Barack Obama’s much-lauded nuclear summit in April was nothing more than a show of muscle by the world’s biggest nuclear powers, in an increasingly volative global environment. Despite his talk of efforts to create a “nuclear free world”, Barack Obama showed that he has no plans to abandon US nuclear supremacy.
Much has been made of the agreement between Russia and the US to reduce their nuclear stockpiles. But Ivan Oelrich of the Federation of American Scientists noted, “the treaty contains a peculiar counting rule: each bomber counts only as one nuclear bomb, although the B-52 can carry 20 nuclear-armed cruise missiles and the Russian bombers have similar payloads. If we define a bomber with 20 bombs as a single bomb, then suddenly we get a substantial reduction in the number of nuclear weapons.”
And the US and Russian stockpiles of 5000 warheads each are still enough to destroy the planet several times over.
Threatening Iran
The Obama administration used the summit to reinforce statements made in its recent Nuclear Posture Review that it retains the right of nuclear attack on nations like Iran and North Korea not signatory to the Nuclear Non-Proliferation Treaty. This came as a thinly veiled warning to Iran, which formed the central topic of the summit.
Obama’s review further stated, somewhat hypocritically, that “the fundamental role of US nuclear weapons… is to deter nuclear attack on the United States, our allies, and partners.”
Professor of international relations at Harvard Stephen Walt argued, “If the US government believes that ‘the fundamental role’ of US nuclear weaponry is to deter nuclear attacks on the US, and the US is now proclaiming that it still reserves the option of using nuclear weapons first against non-nuclear Iran…then wouldn’t a sensible Iranian leadership conclude that it could use a nuclear arsenal of its own… to deter us from doing just that?”
A notable absence from the conference was Israeli Prime Minister Binyamin Netanyahu.

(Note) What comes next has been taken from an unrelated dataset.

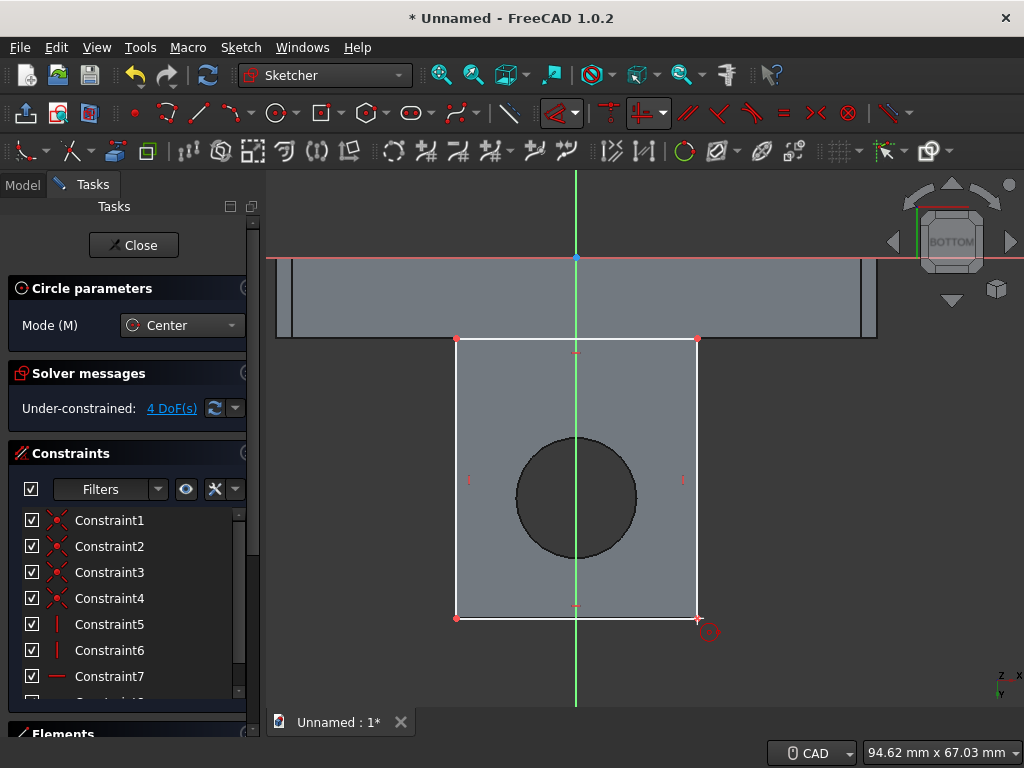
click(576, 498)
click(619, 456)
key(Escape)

Israel’s deputy prime minister was sent to the summit after concerns that Egypt and Turkey were preparing to grill the country on its own undeclared arsenal, which is estimated at up to 400 thermonuclear weapons.
Yet there was no talk of sanctions or attacks on Israel by the world’s powers.

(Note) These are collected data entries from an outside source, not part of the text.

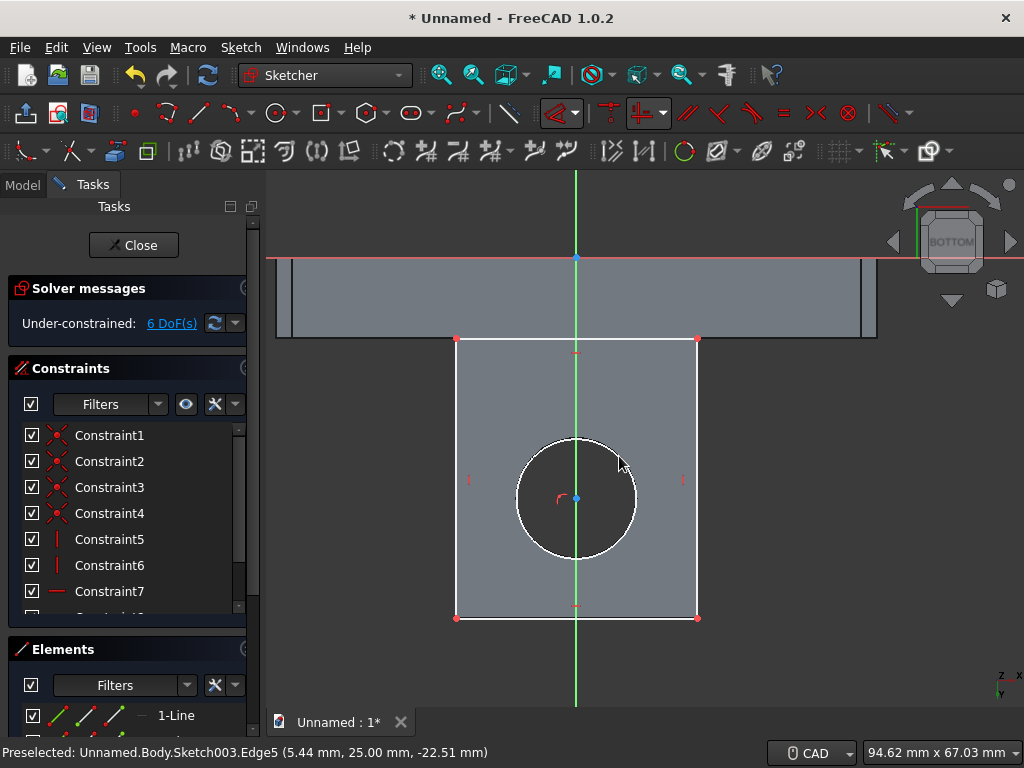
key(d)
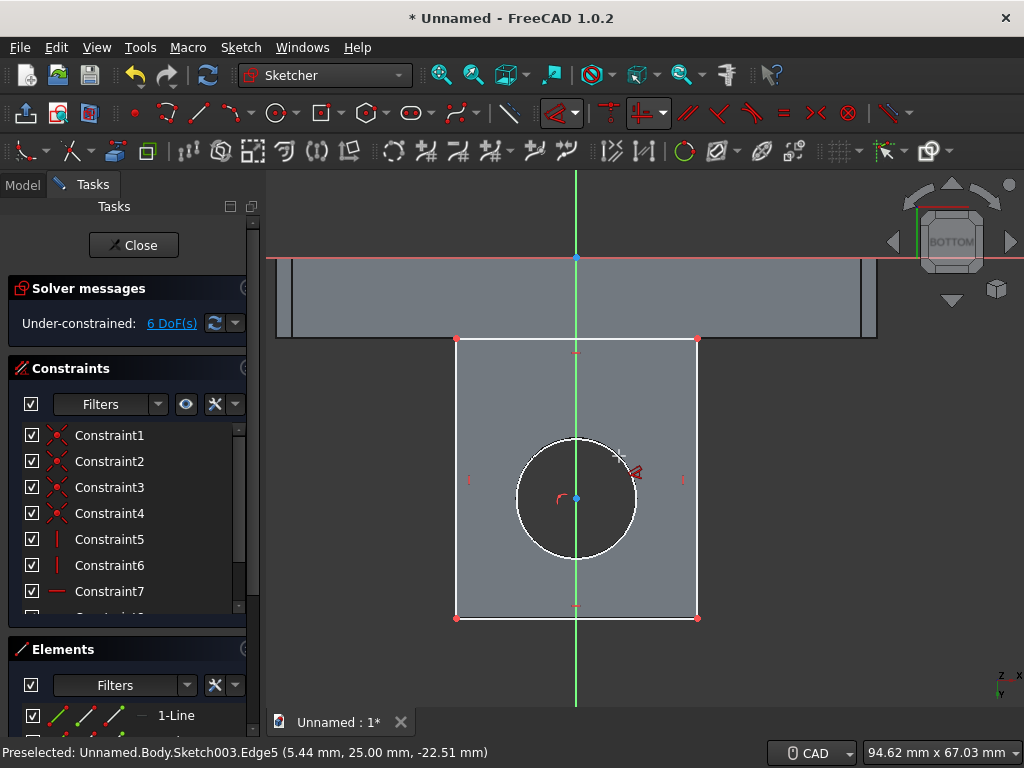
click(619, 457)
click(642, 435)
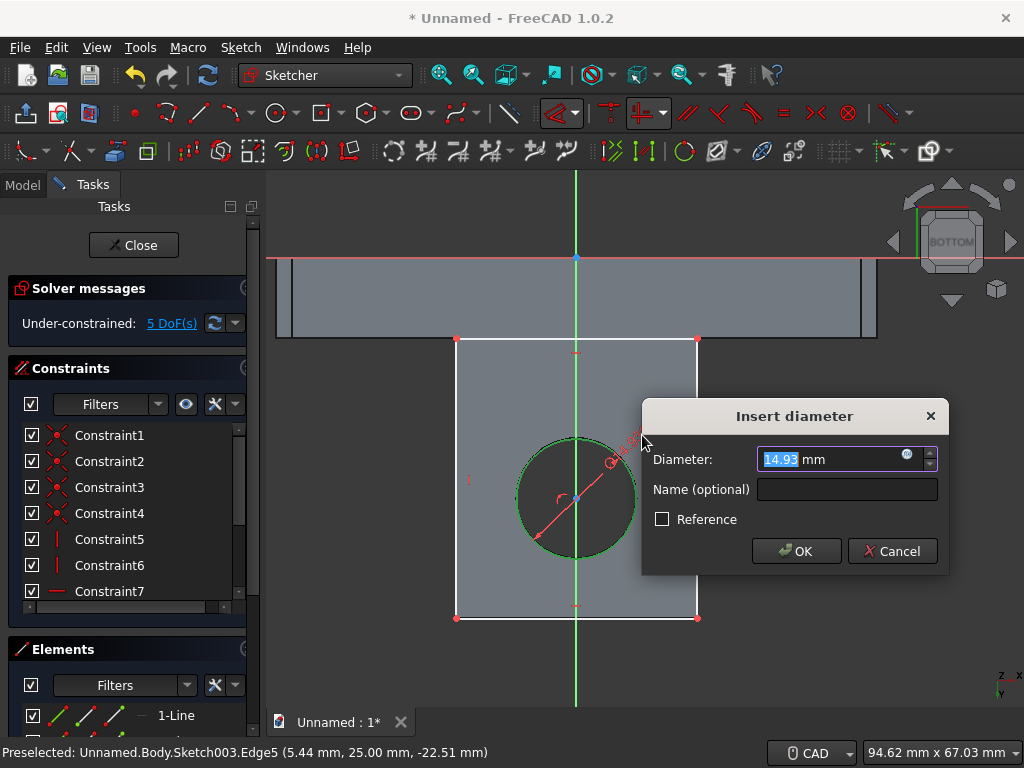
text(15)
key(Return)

The Obama administration declared potential threats of nuclear terrorism a key focus of the summit. However, whilst theoretically uranium enriched to 35 or 40 per cent could be used to make nuclear weapons, it would take at least several hundred kilos.

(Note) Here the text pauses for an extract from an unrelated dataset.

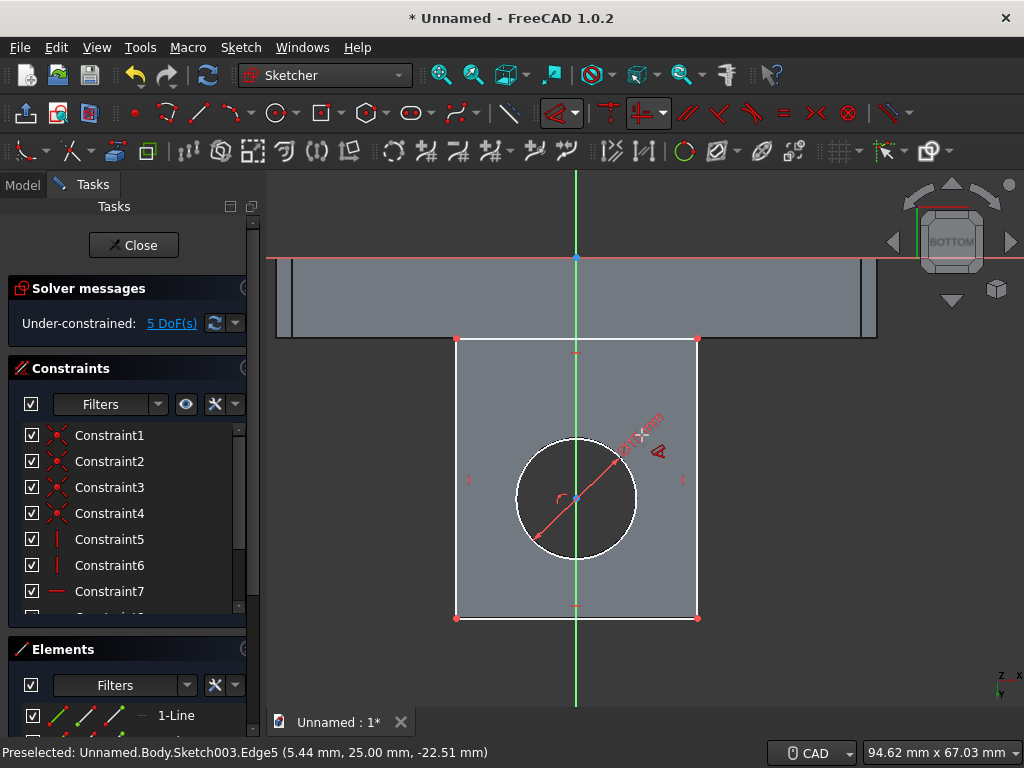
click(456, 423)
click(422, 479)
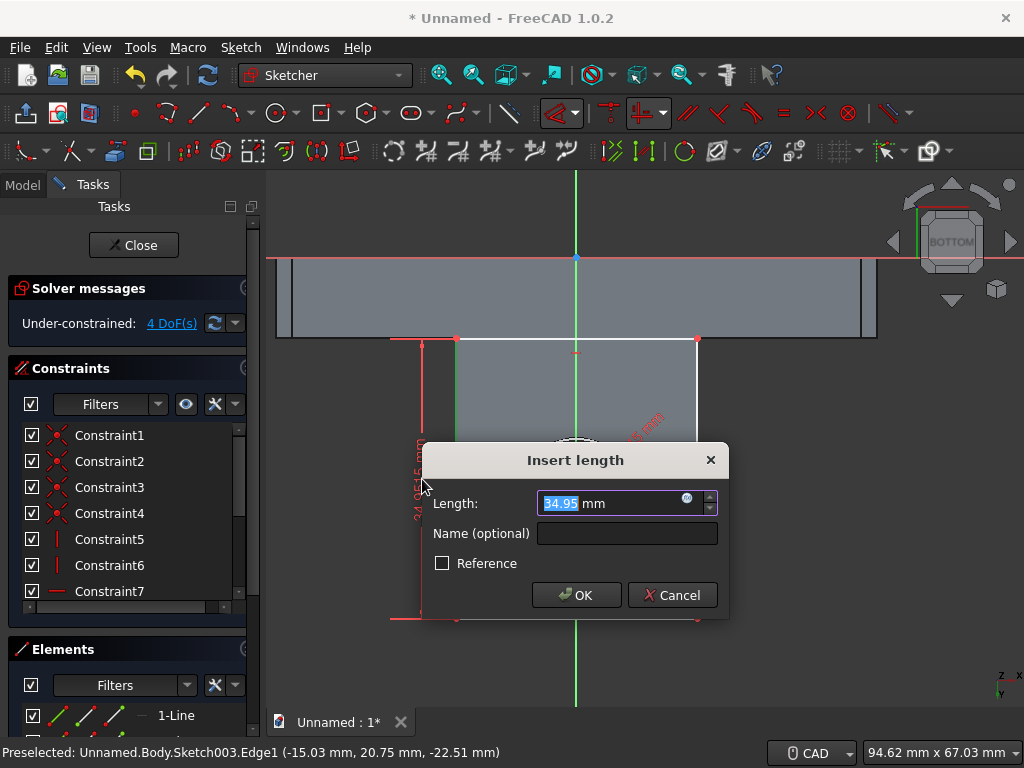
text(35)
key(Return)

The logistical difficulties of attaining such a vast amount of enriched uranium—which is kept under such close government surveillance that it has never appeared on the black market—mean this is hardly a weapon terrorists could use.
The nuclear summit in Washington did not signify a global step forward in dealing with nuclear proliferation.
The world’s big nuclear powers continue to pose the greatest threat to global security, most notably the US and Israel.
Rather than add to the applause that has greeted the White House’s new nuclear policies, activists should step up their efforts against the US military machine—from the wars in Afghanistan and Iraq to the Pentagon’s latest repackaging of nuclear war threats.
As Joseph Gerson and Walden Bello wrote in their book Empire and the Bomb: How the US uses nuclear weapons to dominate the world, “Whatever Barack Obama’s promises about ridding the world of nuclear weapons, the threat of nuclear war will remain a lynchpin of US military power.”
Sadly, Obama’s rhetoric has failed to prove them wrong.